If the login page is html and the content after the login is html then how could I stop people from accessing the content if they haven't logged in?
The latter setup you describe, with Apache serving static content and forwarding requests for JSP/servlets onto the app server is the standard setup.
Session state is maintained as normal, your Java webapp on the app server sends the user back a cookie containing a JSESSIONID and when the user makes subsequent requests, Apache includes all request info (including cookies) in what it forwards to the app server.
The setup becomes a bit more complicated if you want to have Apache sit in front of and load balance requests to multiple JBoss instances, but it's still pretty easy to set up with mod_proxy_balancer.

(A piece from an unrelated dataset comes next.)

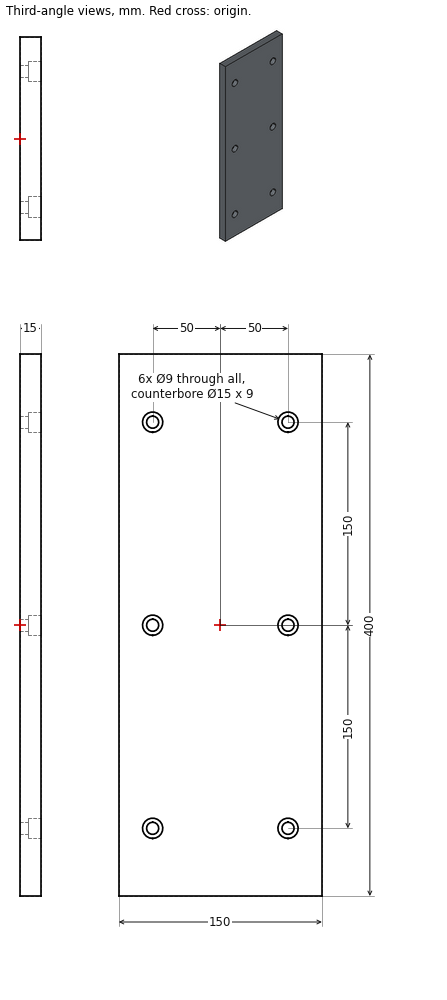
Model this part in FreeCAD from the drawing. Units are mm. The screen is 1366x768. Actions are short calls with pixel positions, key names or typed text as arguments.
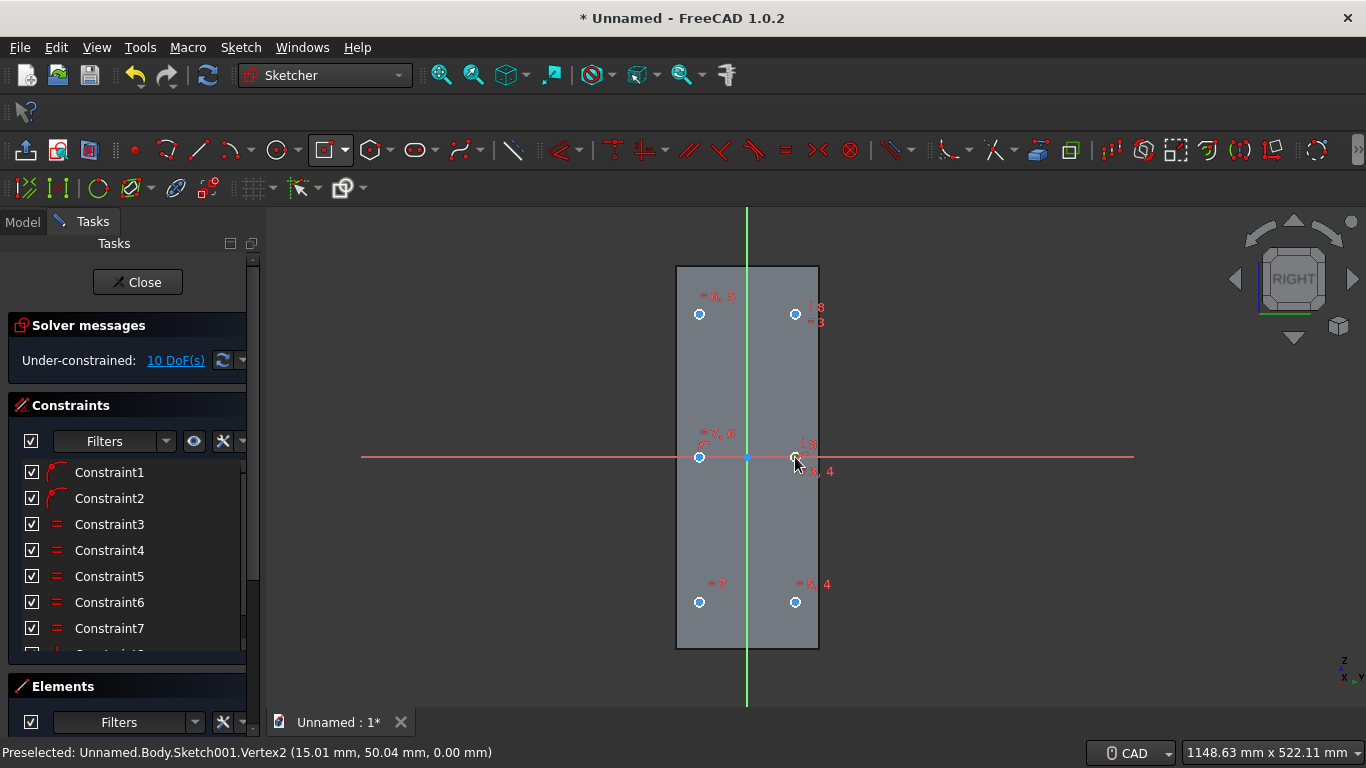
click(795, 602)

Some links that might help you:
http://help.shadocms.com/blog/2009/how-to-setup-apache-with-jboss-on-a-shado-site.cfm
http://redlumxn.blogspot.com/2008/01/configure-apache2-and-jboss-422ga.html
There are many possibilities.
On web machine install just apache with mod_jk to redirect the requests to tomcat/jboss.
In this case you don't need java on this machine.
You can also separate your jsp container (e.g. tomcat/jboss) and your app server in this case you you will need to install java where you have your web container.
Generally where there is a need of higher security people combine the above mentioned possibilities. Thin web layer (apache + no java) + Web container (e.g. tomcat) + app layer (jboss/glassfish)
The first solution is normally the standard one.
Your scenario reminds me of SiteMinder. It was used to access control into our application. It has built in HTTP forwarding so from the user's perspective the browser talks to siteminder and siteminder talks to the real application. They both use session cookies and siteminder's called SMSESSION while the app's called JSESSIONID so there is no conflict.
A common deployment is to use Apache fronting servers to serve static content and forwarding requests for dynamic content to the JSP server. This is mainly for performance reasons, Apache being both faster at serving content and reducing the load on the JSP server.
I don't see any reason why you couldn't, for example, use IIS as the fronting server (removing Java from the equation), although with the wealth Apache modules and accompanying information about the configuration I think you might be making life difficult for yourself if you did.
Short answer - No.
Long answer -
It depends on the needs of your application. There are a few reasons why you would want to have the web server on a different physical machine:
You want to have the web server serve
the static content, and leave the app
server free to only process
servlet/jsp content
You wish to implement software based
load balancing. You would have the
apache server proxy requests to
multiple backing app servers
In your login example, the html page is served by apache, and the action of the html form points to your servlet for processing - so JBoss/java will still manage the session. Keep in mind that any static content you want apache to server will need to be present on the web server.